Data to process =

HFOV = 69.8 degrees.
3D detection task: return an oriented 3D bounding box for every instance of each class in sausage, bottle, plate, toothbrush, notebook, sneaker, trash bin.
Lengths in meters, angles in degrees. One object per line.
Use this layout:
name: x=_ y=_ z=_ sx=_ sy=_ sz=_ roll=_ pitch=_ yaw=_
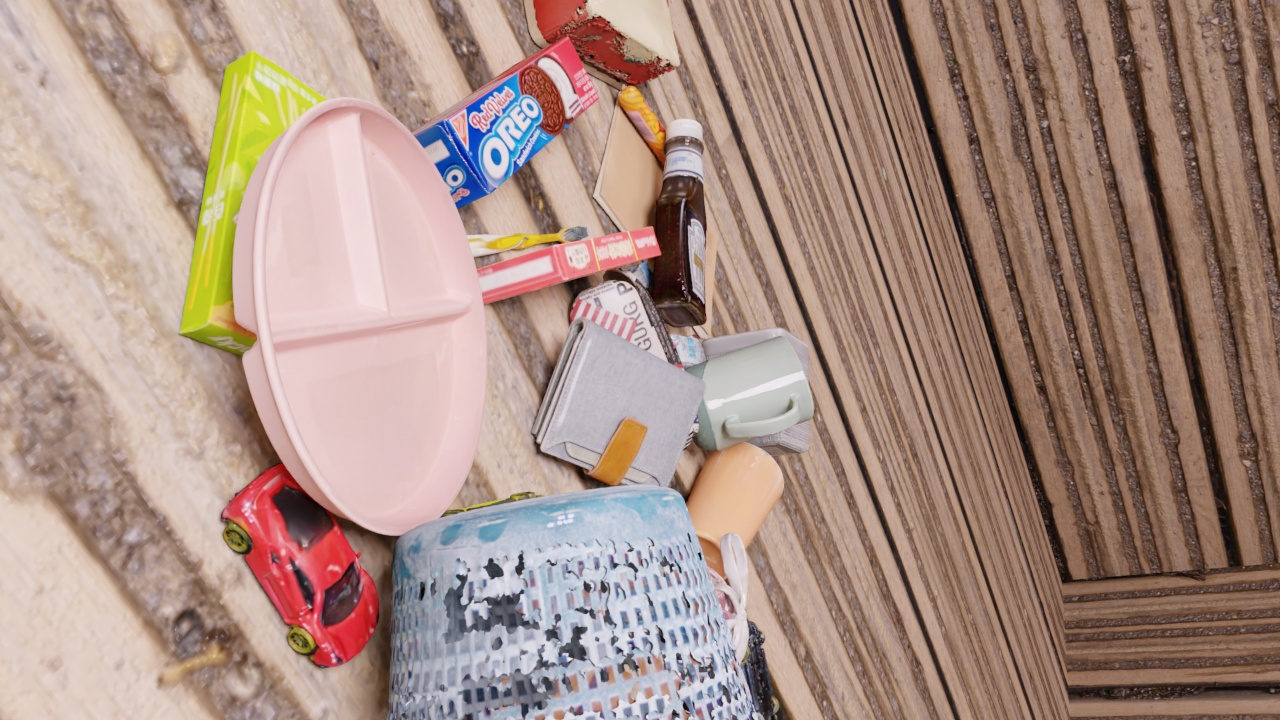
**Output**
sausage: x=0.023 y=-0.211 z=0.909 sx=0.165 sy=0.021 sz=0.021 roll=47 pitch=40 yaw=-43
bottle: x=0.039 y=-0.132 z=0.858 sx=0.080 sy=0.044 sz=0.194 roll=42 pitch=48 yaw=-65
plate: x=-0.140 y=-0.022 z=0.491 sx=0.229 sy=0.028 sz=0.229 roll=-6 pitch=89 yaw=-77
toothbrush: x=-0.089 y=-0.088 z=0.675 sx=0.191 sy=0.018 sz=0.016 roll=-21 pitch=95 yaw=-62
notebook: x=0.024 y=-0.142 z=0.912 sx=0.211 sy=0.012 sz=0.149 roll=49 pitch=37 yaw=-41
sneaker: x=0.045 y=0.208 z=0.719 sx=0.241 sy=0.088 sz=0.118 roll=62 pitch=31 yaw=-23
trash bin: x=-0.035 y=0.170 z=0.454 sx=0.226 sy=0.227 sz=0.195 roll=13 pitch=64 yaw=-59

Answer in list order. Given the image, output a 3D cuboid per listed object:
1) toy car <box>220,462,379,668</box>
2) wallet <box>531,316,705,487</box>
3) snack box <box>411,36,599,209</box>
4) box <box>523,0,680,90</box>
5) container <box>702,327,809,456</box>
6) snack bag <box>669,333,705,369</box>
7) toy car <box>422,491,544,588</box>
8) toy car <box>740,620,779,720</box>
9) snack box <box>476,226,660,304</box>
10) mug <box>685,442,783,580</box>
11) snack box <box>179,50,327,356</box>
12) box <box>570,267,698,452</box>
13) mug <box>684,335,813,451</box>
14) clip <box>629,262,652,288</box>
toy car: x=-0.161 y=0.102 z=0.452 sx=0.049 sy=0.031 sz=0.106 roll=-49 pitch=123 yaw=-55
wallet: x=-0.012 y=0.041 z=0.690 sx=0.129 sy=0.037 sz=0.106 roll=28 pitch=76 yaw=-37
snack box: x=-0.098 y=-0.170 z=0.653 sx=0.057 sy=0.058 sz=0.206 roll=61 pitch=32 yaw=-21
box: x=-0.026 y=-0.310 z=0.821 sx=0.168 sy=0.078 sz=0.091 roll=1 pitch=77 yaw=-61
container: x=0.120 y=0.037 z=0.931 sx=0.090 sy=0.090 sz=0.114 roll=23 pitch=61 yaw=-56
snack bag: x=0.039 y=-0.008 z=0.865 sx=0.105 sy=0.026 sz=0.045 roll=6 pitch=67 yaw=-61
toy car: x=-0.095 y=0.110 z=0.558 sx=0.105 sy=0.032 sz=0.048 roll=-6 pitch=90 yaw=-51
toy car: x=0.100 y=0.294 z=0.844 sx=0.048 sy=0.031 sz=0.105 roll=-4 pitch=80 yaw=-61
snack box: x=-0.050 y=-0.072 z=0.678 sx=0.152 sy=0.075 sz=0.025 roll=-26 pitch=102 yaw=-61
mug: x=0.073 y=0.138 z=0.822 sx=0.122 sy=0.078 sz=0.078 roll=-50 pitch=122 yaw=-49
snack box: x=-0.186 y=-0.074 z=0.483 sx=0.085 sy=0.026 sz=0.156 roll=31 pitch=53 yaw=-53
box: x=-0.004 y=0.004 z=0.770 sx=0.087 sy=0.076 sz=0.162 roll=-115 pitch=-179 yaw=-75
mug: x=0.095 y=0.038 z=0.821 sx=0.111 sy=0.106 sz=0.082 roll=-118 pitch=-169 yaw=-64
clip: x=-0.007 y=-0.070 z=0.819 sx=0.057 sy=0.036 sz=0.025 roll=-42 pitch=117 yaw=-63
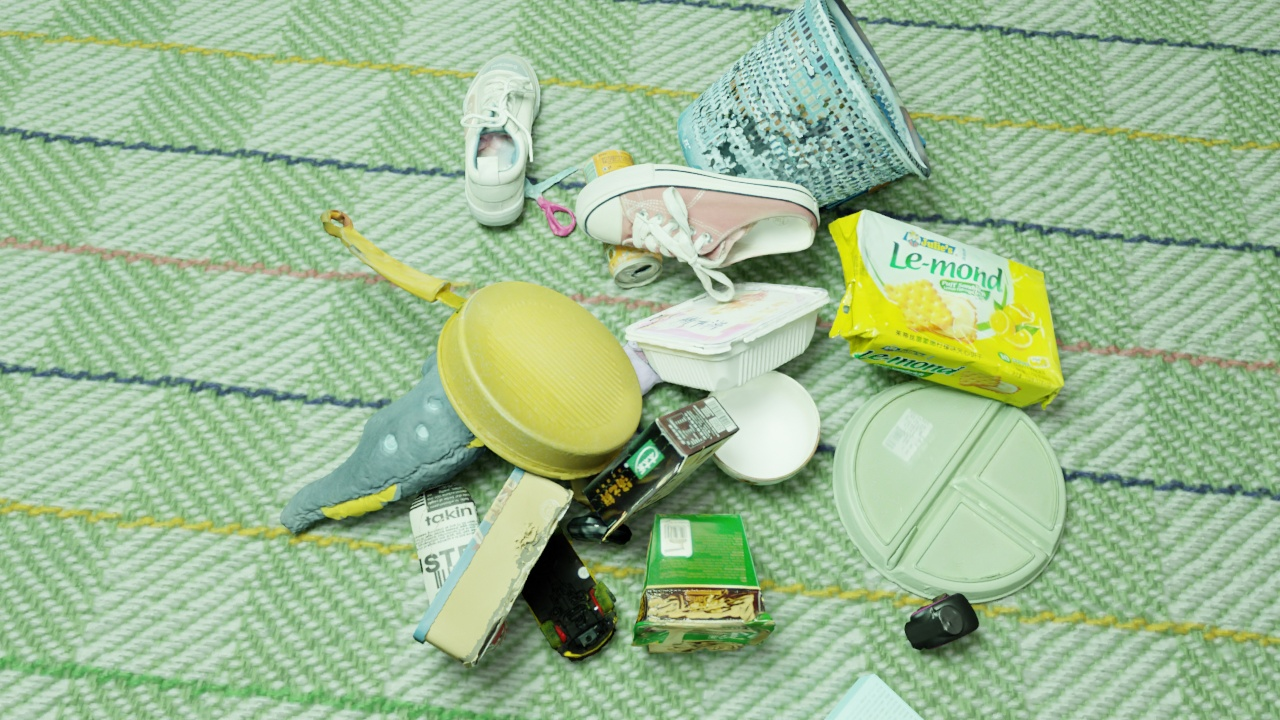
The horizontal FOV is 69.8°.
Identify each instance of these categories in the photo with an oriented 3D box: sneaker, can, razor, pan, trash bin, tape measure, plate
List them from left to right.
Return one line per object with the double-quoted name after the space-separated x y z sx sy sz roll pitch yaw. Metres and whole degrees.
-0.152 -0.032 0.841 0.357 0.078 0.197 45 35 1 "pan"
-0.160 -0.270 1.017 0.089 0.091 0.241 0 58 -1 "sneaker"
-0.055 0.103 0.891 0.068 0.062 0.167 -30 61 20 "razor"
-0.019 -0.155 0.993 0.058 0.058 0.146 -12 68 -6 "can"
0.051 -0.126 0.887 0.241 0.118 0.087 5 52 8 "sneaker"
0.155 -0.238 0.941 0.196 0.226 0.226 -28 65 27 "trash bin"
0.273 0.234 0.830 0.057 0.057 0.039 -6 63 -40 "tape measure"
0.304 0.120 0.896 0.230 0.027 0.229 0 66 -1 "plate"

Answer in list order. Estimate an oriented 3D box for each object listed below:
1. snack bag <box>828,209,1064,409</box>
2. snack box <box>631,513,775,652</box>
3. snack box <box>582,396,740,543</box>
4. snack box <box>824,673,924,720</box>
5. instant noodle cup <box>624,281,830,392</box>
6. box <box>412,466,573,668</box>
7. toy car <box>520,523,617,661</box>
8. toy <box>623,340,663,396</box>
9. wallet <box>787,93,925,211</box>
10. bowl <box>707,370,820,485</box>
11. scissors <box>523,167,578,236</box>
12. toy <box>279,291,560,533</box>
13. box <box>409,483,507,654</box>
0.299 -0.046 0.909 0.246 0.068 0.157 17 54 -12 "snack bag"
0.049 0.195 0.815 0.118 0.118 0.105 0 62 -4 "snack box"
0.016 0.094 0.815 0.053 0.113 0.125 52 31 15 "snack box"
0.168 0.356 0.779 0.074 0.052 0.174 43 74 14 "snack box"
0.088 -0.023 0.894 0.173 0.060 0.138 -27 25 -36 "instant noodle cup"
-0.128 0.181 0.785 0.062 0.090 0.183 32 66 0 "box"
-0.081 0.200 0.848 0.071 0.041 0.156 -33 67 -14 "toy car"
-0.006 0.005 0.935 0.108 0.039 0.084 -37 69 -14 "toy"
0.245 -0.239 1.042 0.133 0.040 0.106 -27 67 -2 "wallet"
0.113 0.071 0.895 0.113 0.062 0.113 1 66 -2 "bowl"
-0.124 -0.184 1.030 0.133 0.017 0.133 -31 67 -17 "scissors"
-0.188 0.049 0.884 0.355 0.091 0.138 -44 30 -19 "toy"
-0.169 0.191 0.844 0.072 0.060 0.164 -11 65 -28 "box"
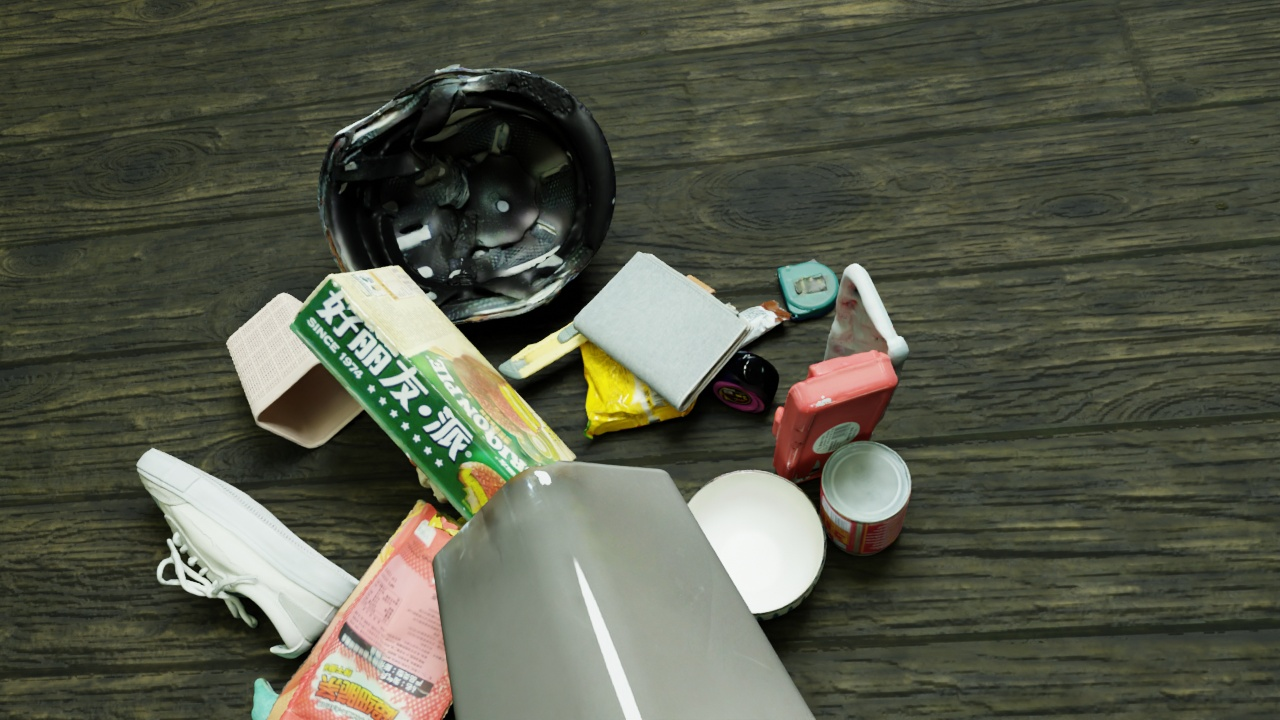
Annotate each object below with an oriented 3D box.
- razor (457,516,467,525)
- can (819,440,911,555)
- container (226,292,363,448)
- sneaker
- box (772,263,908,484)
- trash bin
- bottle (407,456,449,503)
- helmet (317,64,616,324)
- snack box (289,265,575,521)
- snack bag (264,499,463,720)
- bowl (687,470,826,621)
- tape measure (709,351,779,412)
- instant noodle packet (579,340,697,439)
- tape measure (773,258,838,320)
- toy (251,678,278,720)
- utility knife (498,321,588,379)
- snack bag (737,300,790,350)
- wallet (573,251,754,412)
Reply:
[{"bbox_3d":[-0.171,0.161,0.802,0.132,0.028,0.043,-38,65,-9],"label":"razor"},{"bbox_3d":[0.175,0.111,0.721,0.066,0.094,0.066,-5,60,8],"label":"can"},{"bbox_3d":[-0.326,0.007,0.874,0.090,0.090,0.111,-41,58,2],"label":"container"},{"bbox_3d":[-0.362,0.169,0.803,0.242,0.089,0.090,30,75,17],"label":"sneaker"},{"bbox_3d":[0.140,0.019,0.714,0.094,0.201,0.100,-17,66,-3],"label":"box"},{"bbox_3d":[-0.027,0.204,0.627,0.199,0.198,0.219,-46,53,29],"label":"trash bin"},{"bbox_3d":[-0.195,0.061,0.843,0.067,0.067,0.149,-21,67,-1],"label":"bottle"},{"bbox_3d":[-0.157,-0.152,0.884,0.274,0.156,0.230,-24,99,3],"label":"helmet"},{"bbox_3d":[-0.167,0.028,0.766,0.063,0.114,0.240,-43,89,16],"label":"snack box"},{"bbox_3d":[-0.189,0.224,0.730,0.128,0.073,0.207,26,76,14],"label":"snack bag"},{"bbox_3d":[0.088,0.153,0.731,0.116,0.066,0.116,-4,61,8],"label":"bowl"},{"bbox_3d":[0.093,0.017,0.810,0.057,0.058,0.039,0,54,43],"label":"tape measure"},{"bbox_3d":[-0.005,0.005,0.843,0.111,0.044,0.128,-15,56,10],"label":"instant noodle packet"},{"bbox_3d":[0.158,-0.068,0.863,0.054,0.025,0.058,-14,61,4],"label":"tape measure"},{"bbox_3d":[-0.270,0.294,0.744,0.092,0.030,0.096,-19,63,3],"label":"toy"},{"bbox_3d":[-0.048,-0.033,0.848,0.182,0.019,0.031,-30,61,-7],"label":"utility knife"},{"bbox_3d":[0.088,-0.025,0.850,0.105,0.026,0.045,-31,28,-5],"label":"snack bag"},{"bbox_3d":[0.021,-0.030,0.812,0.130,0.037,0.106,38,78,24],"label":"wallet"}]

Your goal =
Could you write out, exactly as they stand, only the lines above that begin at the line with "- helmet (317,64,616,324)" and stop after the line with "- wallet (573,251,754,412)"?

Response to this task =
- helmet (317,64,616,324)
- snack box (289,265,575,521)
- snack bag (264,499,463,720)
- bowl (687,470,826,621)
- tape measure (709,351,779,412)
- instant noodle packet (579,340,697,439)
- tape measure (773,258,838,320)
- toy (251,678,278,720)
- utility knife (498,321,588,379)
- snack bag (737,300,790,350)
- wallet (573,251,754,412)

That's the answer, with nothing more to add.